Search code examples
c++structc++20unionsstdformat

std::formatter c++ 20 with union and struct


Is there any reason why std::format doesn't compile using a data type like this one:

#include <cstdint>

typedef union MIDI_EVENT_type_u
{
    uint8_t val;
    struct {
        uint8_t low : 4;
        uint8_t high : 4;
    };
} MIDI_EVENT_type_u;

using std::format to print the uint8_t value works only for the val above, the low and high are not compiling and must be casted to an unsigned int.

Is there any reason for that as std::format is fed with a uint8_t?

e.g.

MIDI_EVENT_type_u type = {0};
auto a = std::format("{}", type.val);
auto b = std::format("{}", type.high); // error
auto c = std::format("{}", type.low);  // error

the error is:

no instance of overloaded function "std::format" matches the argument list
argument types are: (const char [3], uint8_t)

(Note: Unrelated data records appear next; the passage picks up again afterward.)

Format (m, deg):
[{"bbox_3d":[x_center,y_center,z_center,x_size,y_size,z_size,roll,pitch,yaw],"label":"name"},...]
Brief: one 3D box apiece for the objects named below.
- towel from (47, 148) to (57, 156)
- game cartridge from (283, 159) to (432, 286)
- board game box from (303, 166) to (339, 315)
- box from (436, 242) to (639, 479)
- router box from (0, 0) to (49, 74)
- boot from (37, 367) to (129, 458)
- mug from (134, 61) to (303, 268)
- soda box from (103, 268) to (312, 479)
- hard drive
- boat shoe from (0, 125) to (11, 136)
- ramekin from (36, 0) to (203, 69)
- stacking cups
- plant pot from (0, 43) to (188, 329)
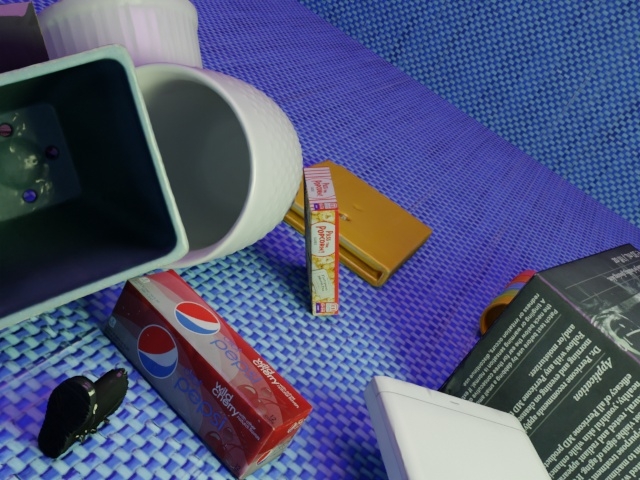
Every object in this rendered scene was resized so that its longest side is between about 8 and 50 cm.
[{"bbox_3d":[-0.530,-0.264,1.213,0.329,0.037,0.237,35,16,-40],"label":"towel"},{"bbox_3d":[0.064,-0.047,1.592,0.285,0.053,0.323,36,24,10],"label":"game cartridge"},{"bbox_3d":[0.000,0.000,1.268,0.045,0.193,0.147,-3,33,-4],"label":"board game box"},{"bbox_3d":[0.509,0.275,1.222,0.472,0.297,0.480,46,29,23],"label":"box"},{"bbox_3d":[-0.509,-0.195,0.924,0.308,0.081,0.243,-20,11,-36],"label":"router box"},{"bbox_3d":[-0.233,0.162,0.809,0.045,0.121,0.099,38,32,9],"label":"boot"},{"bbox_3d":[-0.211,-0.126,1.205,0.374,0.276,0.328,14,11,14],"label":"mug"},{"bbox_3d":[-0.139,0.153,0.952,0.263,0.092,0.083,41,26,20],"label":"soda box"},{"bbox_3d":[0.190,0.306,0.901,0.233,0.047,0.353,20,24,-20],"label":"hard drive"},{"bbox_3d":[-0.502,-0.114,1.029,0.285,0.103,0.092,-13,94,-42],"label":"boat shoe"},{"bbox_3d":[-0.319,-0.277,1.262,0.277,0.277,0.135,-6,80,-52],"label":"ramekin"},{"bbox_3d":[0.396,0.122,1.603,0.096,0.096,0.316,36,24,9],"label":"stacking cups"},{"bbox_3d":[-0.336,-0.078,0.921,0.247,0.248,0.252,-22,21,-22],"label":"plant pot"}]

Is there a way to write a custom std::formatter to do the cast to unsigned automatically in this case?

Besides, It is not clear why the value in the "union.struct" are not compiled even if are detected as uint8_t, any reason for that?


EXTENSION:

After the answer and comments from @user17732522 (thanks), for this particulat case there are these kind of solution (at least for compiling, not sure if it will resolve type punning completely):

changing that struct, when is possible to something like:

typedef union MIDI_EVENT_type_u
{
    uint8_t val;
    // the struct also give it a name and put private would be better.
    struct {
        uint8_t low : 4;
        uint8_t high : 4;
    };
    constexpr uint8_t getHigh() { return high; };
    constexpr uint8_t getLow() { return low; };

} MIDI_EVENT_type_u;

and using the getHigh() and getLow() method will resolve the compilation error, or even using a global constexpr to return the .high or .low values eventually.

It looks to me that is something missing in C++ to deal with this scenario that is kind of a basic use case since C '70s...

ERGO: the C++ in this case could also "auto generate" or defaulting to do something like those 2 extra constexpr, no need to be such verbose in writing code, in my opinion.


instead if that is a C struct that can't be modified:

typedef union MIDI_EVENT_type_u
{
    uint8_t val;
    struct {
        uint8_t low : 4;
        uint8_t high : 4;
    };
} MIDI_EVENT_type_u;
 constexpr uint8_t get(const uint8_t val) { return val; };

in this way it will also compile std::format("{}", get(type.low)); It looks excessevily verbose to do "basic operations" that where always working in C/C++ in older time, I don't really understand that.

Is this something changed in the modern C++ standard and was once instead supported?

If the latter is the case shouldn't be considered on the next C++ iteration to support such base cases and make the compiler generating underneath such simple boilerplate code as it can just be resolved with a constexpr getting a type and returning the same type?


Solution

  • std::format takes its arguments by-reference (specifically as forwarding reference).

    A bit-field can't be passed by reference. So you do need to first convert to a prvalue of some type from which then a temporary object can be materialized to which the reference parameter can be bound, e.g. by writing

    std::format("{}", uint8_t{type.high});
    

    or if you don't want to repeat the type:

    std::format("{}", decltype(type.high){type.high});
    

    With C++23 you can use the new auto syntax:

    std::format("{}", auto{type.high});
    

    You will have this problem with a huge part of the standard library when using bit-fields. The standard library typically takes generic arguments by forwarding reference.

    Bit-fields do not behave like normal class members or objects and are pretty much second-class to them. I'd suggest avoiding bit-fields or writing accessor member functions that return you the value so that you can use them directly. If this is a C API, then I'd suggest writing a proper C++ API around it first.


    Also, the syntax using an anonymous struct is not standard C++. A union can be anonymous, but a struct cannot, in standard C++. However, compilers are likely to support this in C++ as an extension, because it is valid syntax in C11.

    Also, accessing type.high and type.low causes undefined behavior according to the standard because val is the active member of the union and only the active member may be read. Type punning with unions is not possible. However compilers typically support this as an extension, because it has defined behavior in C, but even then layout of bit-fields is implementation-defined and e.g. the order in which bit fields are packed into bytes is implementation-dependent, and so is the result of reading these inactive members.

    Also, assuming this is not a C API, typedef union MIDI_EVENT_type_u { /*...*/ } MIDI_EVENT_type_u; is completely redundant in C++. Just union MIDI_EVENT_type_u { /*...*/ }; is enough.